When `full_request` is enabled, complete request and response metadata is added directly inside each extracted property. This is useful when you need to capture authentication tokens, cookies, or other request/response details.

### Default Output (full\_request: false)

```json theme={null}
{
  "user_data": [
    {
      "id": "123",
      "name": "John Doe"
    }
  ]
}
```

### With Full Request (full\_request: true)

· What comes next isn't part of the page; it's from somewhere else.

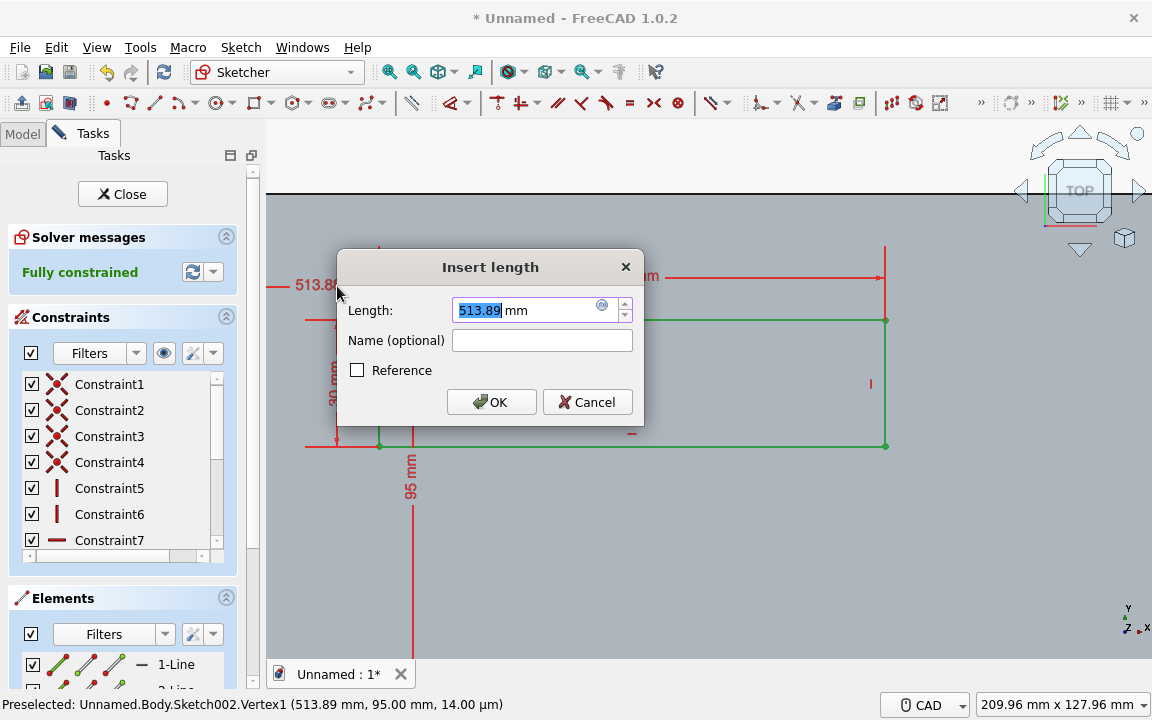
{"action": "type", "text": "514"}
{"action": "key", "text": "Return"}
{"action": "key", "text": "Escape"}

When `full_request` is enabled, single-element arrays are unwrapped and the extracted data is placed inside `response.body`:

```json theme={null}
{
  "user_data": {
    "request": {
      "url": "https://api.example.com/users/123",
      "method": "GET",
      "headers": {
        "authorization": "Bearer xxx",
        "content-type": "application/json"
      },
      "body": null
    },
    "response": {
      "status": 200,
      "statusText": "OK",
      "headers": {
        "content-type": "application/json"
      },
      "body": {
        "id": "123",
        "name": "John Doe"
      }
    },
    "timestamp": "2024-01-15T10:30:00.000Z"
  }
}
```

The additional properties added:

* **request.url**: The full request URL
* **request.method**: HTTP method (GET, POST, etc.)
* **request.headers**: Request headers sent with the request
* **request.body**: Request body (for POST/PUT requests)
* **response.status**: HTTP status code
* **response.statusText**: HTTP status text
* **response.headers**: Response headers
* **response.body**: The extracted response data
* **timestamp**: When the request was made

## Examples

### Basic Usage

Extract user data from an API response:

```json theme={null}
{
  "id": "abc123",
  "name": "Extract user data",
  "action": "EXTRACT_NETWORK",
  "parameters": {
    "url": "/api/v1/users",
    "extract_data_model": {
      "type": "object",
      "properties": {
        "user_id": {
          "type": "string",
          "path": "$.id",
          "selected": true
        },
        "email": {
          "type": "string",
          "path": "$.email",
          "selected": true
        }
      }
    }
  }
}
```

### With Wildcard URL Matching

Extract specific fields using a wildcard to match dynamic URLs:

```json theme={null}
{
  "id": "abc123",
  "name": "Extract order status",
  "action": "EXTRACT_NETWORK",
  "parameters": {
    "url": "/api/v1/orders/*",
    "extract_data_model": {
      "type": "object",
      "properties": {
        "order_id": {
          "type": "string",
          "path": "$.id",
          "selected": true
        },
        "status": {
          "type": "string",
          "path": "$.order.status",
          "selected": true
        }
      }
    }
  }
}
```

Common path expressions:

* `$` — root object
* `$.field` or `field` — direct field access
* `$.parent.child` or `parent.child` — nested field
* `$[0]` — first array element

### Wait for Element First

Wait for a specific element to appear before extracting network data:

```json theme={null}
{
  "id": "abc123",
  "name": "Extract dashboard data",
  "action": "EXTRACT_NETWORK",
  "parameters": {
    "url": "/api/dashboard/data",
    "selector": "//*[@data-loaded='true']",
    "wait_time": 20000,
    "extract_data_model": {
      "type": "object",
      "properties": {
        "dashboard_data": {
          "type": "string",
          "path": "$",
          "selected": true
        }
      }
    }
  }
}
```

## Notes

* The node automatically trims whitespace from URL patterns
* When multiple requests match, the most recent match is used for extraction
* Supported response types: JSON, HTML, and XML. Non-JSON responses are returned as raw strings.
* Network traffic classified as noise (e.g. analytics, tracking pixels, static assets, health checks) is filtered out from extraction candidates by default. If the request you're trying to extract doesn't appear, toggle **Filter noise** off in the Network Traffic panel to see all captured requests.